I am working on a project that involves 10 inputs (X1, X2,..., X10) and predicts 3 outputs (Y1, Y2, Y3). I am using the Keras package in Python with the backend of Tensorflow. I have built an ANN, trained, and shown decent predictions.
However, now I need to determine what combination of the 10 inputs will produce the lowest value of Y1, highest of Y2, and lowest of Y3. In essence, I need to find the 10 input values to yield the optimal output.
I have read that Genetic Algorithm may be a way to accomplish this, but I am not sure how to implement this. Any suggestions, insight, or examples would be greatly appreciated.
A Genetic algorithm could be used to accomplish this.
Note that GAs maximize a fitness function, so if you are attempting to use a GA to minimize something, your fitness function needs to be inversely proportional to your expected output:
A possible example fitness function for your stated problem assuming domain of (0, inf)
def fitness(Y1, Y2, Y3):
return ( 1 / Y1 ) * (Y2) * (1 / Y3)
This would establish equal priority for Y1 and Y3 and for the product of the three numbers to be maximized, both Y1 and Y3 would have to be as close to 0 as possible and Y2 would have to be maximized.

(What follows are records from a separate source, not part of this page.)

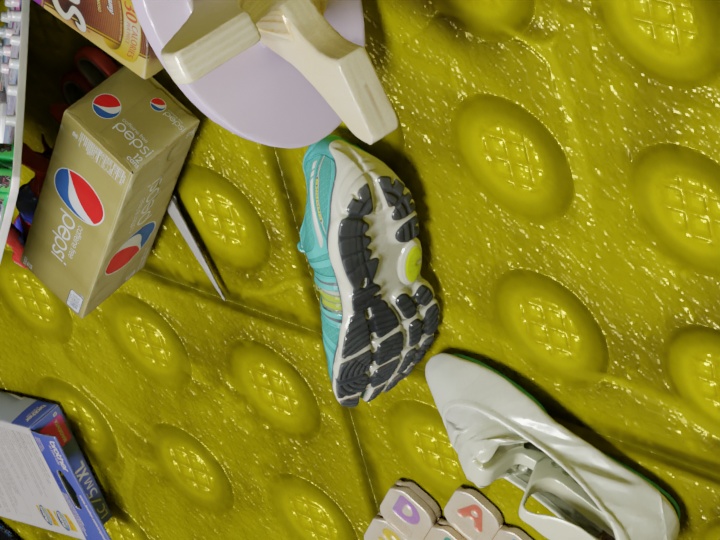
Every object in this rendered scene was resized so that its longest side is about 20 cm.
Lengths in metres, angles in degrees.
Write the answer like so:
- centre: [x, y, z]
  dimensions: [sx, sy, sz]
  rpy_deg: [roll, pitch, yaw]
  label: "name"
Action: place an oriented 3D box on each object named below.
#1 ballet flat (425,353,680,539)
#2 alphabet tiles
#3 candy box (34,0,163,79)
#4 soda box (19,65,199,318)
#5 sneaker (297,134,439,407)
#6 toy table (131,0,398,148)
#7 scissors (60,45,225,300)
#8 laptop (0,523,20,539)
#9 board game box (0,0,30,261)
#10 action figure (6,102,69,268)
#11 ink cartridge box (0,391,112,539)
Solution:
- centre: [0.107, 0.123, 1.632]
  dimensions: [0.200, 0.069, 0.070]
  rpy_deg: [34, 145, 21]
  label: "ballet flat"
- centre: [0.087, 0.233, 1.821]
  dimensions: [0.200, 0.015, 0.196]
  rpy_deg: [42, 147, 10]
  label: "alphabet tiles"
- centre: [-0.187, -0.222, 1.619]
  dimensions: [0.200, 0.056, 0.117]
  rpy_deg: [34, 145, 17]
  label: "candy box"
- centre: [-0.170, -0.052, 1.744]
  dimensions: [0.064, 0.068, 0.200]
  rpy_deg: [43, 148, 9]
  label: "soda box"
- centre: [0.000, 0.000, 1.641]
  dimensions: [0.080, 0.077, 0.201]
  rpy_deg: [45, 148, 42]
  label: "sneaker"
- centre: [-0.044, -0.157, 1.431]
  dimensions: [0.200, 0.184, 0.117]
  rpy_deg: [52, 165, -23]
  label: "toy table"
- centre: [-0.138, -0.065, 1.766]
  dimensions: [0.200, 0.014, 0.073]
  rpy_deg: [55, 146, -8]
  label: "scissors"
- centre: [-0.409, 0.260, 2.346]
  dimensions: [0.200, 0.103, 0.178]
  rpy_deg: [39, 147, 12]
  label: "laptop"
- centre: [-0.248, -0.087, 1.727]
  dimensions: [0.026, 0.201, 0.200]
  rpy_deg: [7, 148, -13]
  label: "board game box"
- centre: [-0.226, -0.052, 1.825]
  dimensions: [0.052, 0.065, 0.200]
  rpy_deg: [37, 155, 9]
  label: "action figure"
- centre: [-0.279, 0.156, 2.143]
  dimensions: [0.199, 0.042, 0.120]
  rpy_deg: [11, 132, 47]
  label: "ink cartridge box"
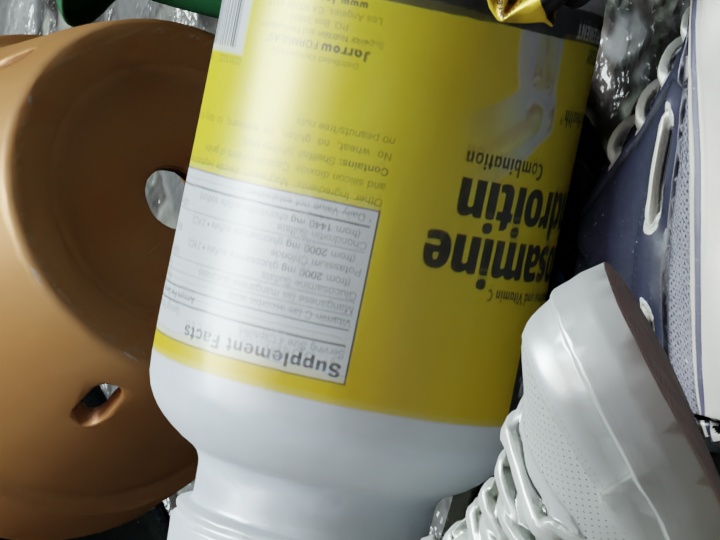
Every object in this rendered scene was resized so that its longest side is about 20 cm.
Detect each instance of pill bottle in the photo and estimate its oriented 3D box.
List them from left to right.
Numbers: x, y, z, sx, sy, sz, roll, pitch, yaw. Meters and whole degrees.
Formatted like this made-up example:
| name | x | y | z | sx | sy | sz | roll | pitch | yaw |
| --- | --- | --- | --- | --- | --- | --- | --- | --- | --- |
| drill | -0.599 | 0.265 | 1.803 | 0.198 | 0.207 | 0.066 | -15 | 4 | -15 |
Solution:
| name | x | y | z | sx | sy | sz | roll | pitch | yaw |
| --- | --- | --- | --- | --- | --- | --- | --- | --- | --- |
| pill bottle | 0.000 | 0.000 | 0.800 | 0.112 | 0.112 | 0.200 | 20 | 100 | 63 |

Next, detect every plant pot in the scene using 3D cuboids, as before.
| name | x | y | z | sx | sy | sz | roll | pitch | yaw |
| --- | --- | --- | --- | --- | --- | --- | --- | --- | --- |
| plant pot | -0.100 | -0.009 | 1.029 | 0.140 | 0.200 | 0.200 | -29 | 62 | 54 |

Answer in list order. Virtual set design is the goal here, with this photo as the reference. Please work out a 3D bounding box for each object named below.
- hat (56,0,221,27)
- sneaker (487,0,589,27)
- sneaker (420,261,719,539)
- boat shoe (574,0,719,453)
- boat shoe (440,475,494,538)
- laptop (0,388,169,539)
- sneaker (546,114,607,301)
| name | x | y | z | sx | sy | sz | roll | pitch | yaw |
| --- | --- | --- | --- | --- | --- | --- | --- | --- | --- |
| hat | -0.003 | -0.120 | 1.033 | 0.166 | 0.176 | 0.200 | -62 | -5 | 34 |
| sneaker | 0.056 | -0.109 | 0.735 | 0.090 | 0.070 | 0.200 | -69 | -16 | 7 |
| sneaker | 0.042 | 0.079 | 0.700 | 0.200 | 0.116 | 0.074 | 64 | -172 | -54 |
| boat shoe | 0.100 | -0.047 | 0.749 | 0.093 | 0.075 | 0.200 | 11 | 96 | 59 |
| boat shoe | 0.052 | 0.137 | 0.833 | 0.068 | 0.072 | 0.200 | 30 | 110 | 62 |
| laptop | -0.130 | 0.188 | 1.269 | 0.200 | 0.116 | 0.187 | -49 | 37 | 9 |
| sneaker | 0.020 | 0.023 | 0.910 | 0.112 | 0.073 | 0.200 | 60 | 139 | 47 |

For clarification, the above fitness function would likely not be ideal for your use case, but serves to demonstrate how a fitness function would have to apply weight to each parameter.
Here is a link to a good GA walkthrough. Solving the Traveling Salesman using a GA.

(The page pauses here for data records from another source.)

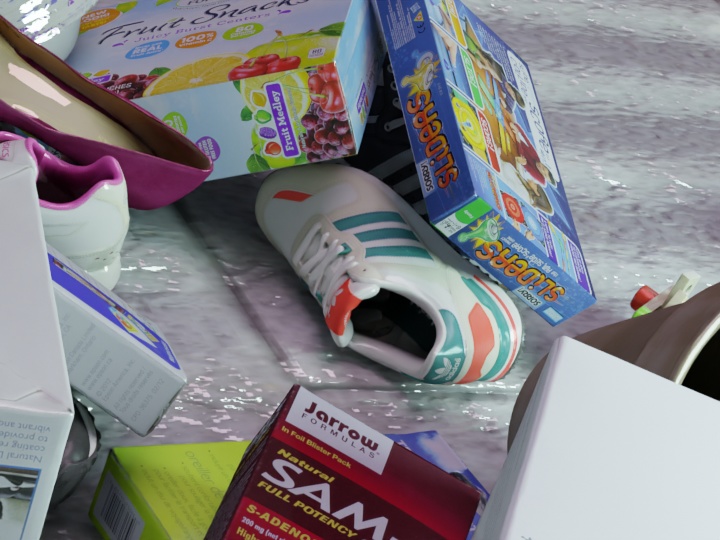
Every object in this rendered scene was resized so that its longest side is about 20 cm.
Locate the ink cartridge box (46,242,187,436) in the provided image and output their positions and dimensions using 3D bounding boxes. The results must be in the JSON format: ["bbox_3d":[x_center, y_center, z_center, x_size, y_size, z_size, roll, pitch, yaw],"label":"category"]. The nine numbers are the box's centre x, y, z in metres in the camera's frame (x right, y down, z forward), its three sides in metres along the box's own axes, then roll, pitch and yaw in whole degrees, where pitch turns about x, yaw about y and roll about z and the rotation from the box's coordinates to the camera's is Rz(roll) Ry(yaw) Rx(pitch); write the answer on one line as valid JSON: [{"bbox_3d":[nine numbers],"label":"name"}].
[{"bbox_3d":[-0.181,-0.004,1.315,0.200,0.043,0.198,39,0,-11],"label":"ink cartridge box"}]

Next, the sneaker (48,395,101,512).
[{"bbox_3d":[-0.200,0.054,1.281,0.200,0.074,0.079,38,-8,40],"label":"sneaker"}]

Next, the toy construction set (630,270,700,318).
[{"bbox_3d":[0.233,0.061,1.571,0.200,0.092,0.131,28,52,30],"label":"toy construction set"}]

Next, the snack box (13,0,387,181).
[{"bbox_3d":[-0.092,-0.115,1.596,0.199,0.068,0.169,-8,26,13],"label":"snack box"}]

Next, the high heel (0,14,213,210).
[{"bbox_3d":[-0.169,-0.107,1.464,0.200,0.096,0.068,45,44,-36],"label":"high heel"}]

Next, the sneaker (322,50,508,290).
[{"bbox_3d":[0.053,-0.075,1.674,0.200,0.109,0.070,35,29,27],"label":"sneaker"}]

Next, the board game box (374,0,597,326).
[{"bbox_3d":[0.074,-0.079,1.584,0.135,0.034,0.201,39,29,-42],"label":"board game box"}]

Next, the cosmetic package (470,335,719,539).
[{"bbox_3d":[0.093,0.172,1.155,0.122,0.201,0.200,21,28,2],"label":"cosmetic package"}]

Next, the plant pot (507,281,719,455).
[{"bbox_3d":[0.172,0.098,1.362,0.199,0.201,0.173,2,2,-32],"label":"plant pot"}]

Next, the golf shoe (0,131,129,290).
[{"bbox_3d":[-0.221,-0.047,1.453,0.199,0.092,0.076,13,38,-12],"label":"golf shoe"}]

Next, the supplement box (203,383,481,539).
[{"bbox_3d":[-0.025,0.156,1.186,0.109,0.061,0.200,30,41,-6],"label":"supplement box"}]

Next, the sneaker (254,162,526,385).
[{"bbox_3d":[0.000,0.001,1.543,0.200,0.071,0.093,38,26,26],"label":"sneaker"}]

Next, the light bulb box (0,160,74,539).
[{"bbox_3d":[-0.209,0.078,1.119,0.124,0.201,0.199,9,29,-18],"label":"light bulb box"}]

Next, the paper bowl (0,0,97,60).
[{"bbox_3d":[-0.247,-0.164,1.585,0.200,0.105,0.201,-12,28,6],"label":"paper bowl"}]

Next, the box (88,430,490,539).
[{"bbox_3d":[-0.021,0.135,1.310,0.199,0.048,0.122,-1,35,-35],"label":"box"}]
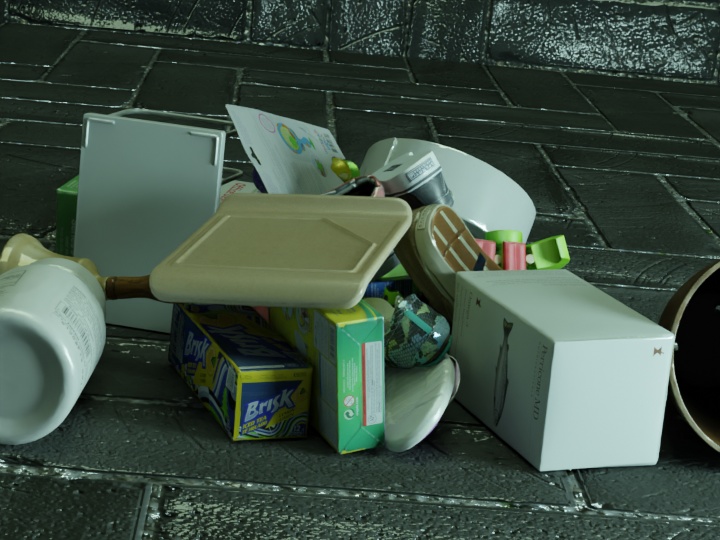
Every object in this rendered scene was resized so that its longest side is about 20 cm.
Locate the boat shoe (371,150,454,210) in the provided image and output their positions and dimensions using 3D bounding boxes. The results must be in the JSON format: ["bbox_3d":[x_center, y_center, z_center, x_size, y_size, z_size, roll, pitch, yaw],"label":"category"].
[{"bbox_3d":[0.048,-0.075,1.664,0.072,0.068,0.200,-34,8,-12],"label":"boat shoe"}]

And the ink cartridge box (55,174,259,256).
[{"bbox_3d":[-0.220,-0.055,1.871,0.199,0.088,0.145,6,16,8],"label":"ink cartridge box"}]

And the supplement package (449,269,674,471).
[{"bbox_3d":[0.167,0.081,1.465,0.117,0.117,0.200,-1,16,-21],"label":"supplement package"}]

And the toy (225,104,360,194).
[{"bbox_3d":[-0.068,-0.096,1.687,0.047,0.115,0.200,-36,-19,26],"label":"toy"}]

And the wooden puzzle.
[{"bbox_3d":[-0.063,-0.014,1.457,0.185,0.037,0.200,2,24,15],"label":"wooden puzzle"}]

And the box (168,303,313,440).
[{"bbox_3d":[-0.106,0.081,1.466,0.070,0.064,0.200,-1,18,-22],"label":"box"}]

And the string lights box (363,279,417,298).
[{"bbox_3d":[0.000,0.000,1.704,0.200,0.103,0.059,-2,1,-26],"label":"string lights box"}]

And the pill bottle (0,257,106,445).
[{"bbox_3d":[-0.272,0.057,1.399,0.114,0.115,0.200,6,16,1],"label":"pill bottle"}]

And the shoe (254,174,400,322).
[{"bbox_3d":[-0.047,-0.006,1.588,0.200,0.091,0.071,-37,42,-17],"label":"shoe"}]

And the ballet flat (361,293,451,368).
[{"bbox_3d":[0.006,0.050,1.490,0.074,0.074,0.200,-5,-5,-32],"label":"ballet flat"}]

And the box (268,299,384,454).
[{"bbox_3d":[-0.036,0.066,1.444,0.048,0.118,0.200,-8,20,-22],"label":"box"}]

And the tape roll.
[{"bbox_3d":[0.086,-0.064,1.844,0.202,0.071,0.202,21,-18,7],"label":"tape roll"}]

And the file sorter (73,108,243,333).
[{"bbox_3d":[-0.194,-0.052,1.672,0.138,0.201,0.125,9,12,11],"label":"file sorter"}]

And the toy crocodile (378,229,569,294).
[{"bbox_3d":[0.108,-0.011,1.677,0.199,0.068,0.062,2,-11,-13],"label":"toy crocodile"}]

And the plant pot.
[{"bbox_3d":[0.336,0.068,1.504,0.186,0.187,0.200,4,2,-6],"label":"plant pot"}]

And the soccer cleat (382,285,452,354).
[{"bbox_3d":[0.106,0.044,1.641,0.200,0.081,0.067,-4,18,-31],"label":"soccer cleat"}]

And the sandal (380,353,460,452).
[{"bbox_3d":[0.057,0.103,1.459,0.050,0.082,0.203,46,16,-16],"label":"sandal"}]

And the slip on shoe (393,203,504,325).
[{"bbox_3d":[0.094,0.022,1.576,0.060,0.200,0.076,-11,41,38],"label":"slip on shoe"}]

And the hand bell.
[{"bbox_3d":[-0.214,0.015,1.522,0.199,0.104,0.104,-2,13,16],"label":"hand bell"}]

Alternatively you can use Particle Swarm Optimization (PSO) which does something similar to a GA, but finds the parameters that minimize a function.
If you have domain restrictions on your outputs, you could also use a custom loss function (or MSE, Euclidean distance, etc.) that measures the loss between your domain limits and your actual output or just use the same fitness function you would have used for the earlier methods.
You could then backpropagate through your network to identify which input variable has the largest impact on the output loss and use SGD.
Assuming domain resitrictions, I would expect this method to give the best results, otherwise, they should all perform about equally and are largely dependent on what you use as a fitness function.
You could also possibly entertain a Monte Carlo approach.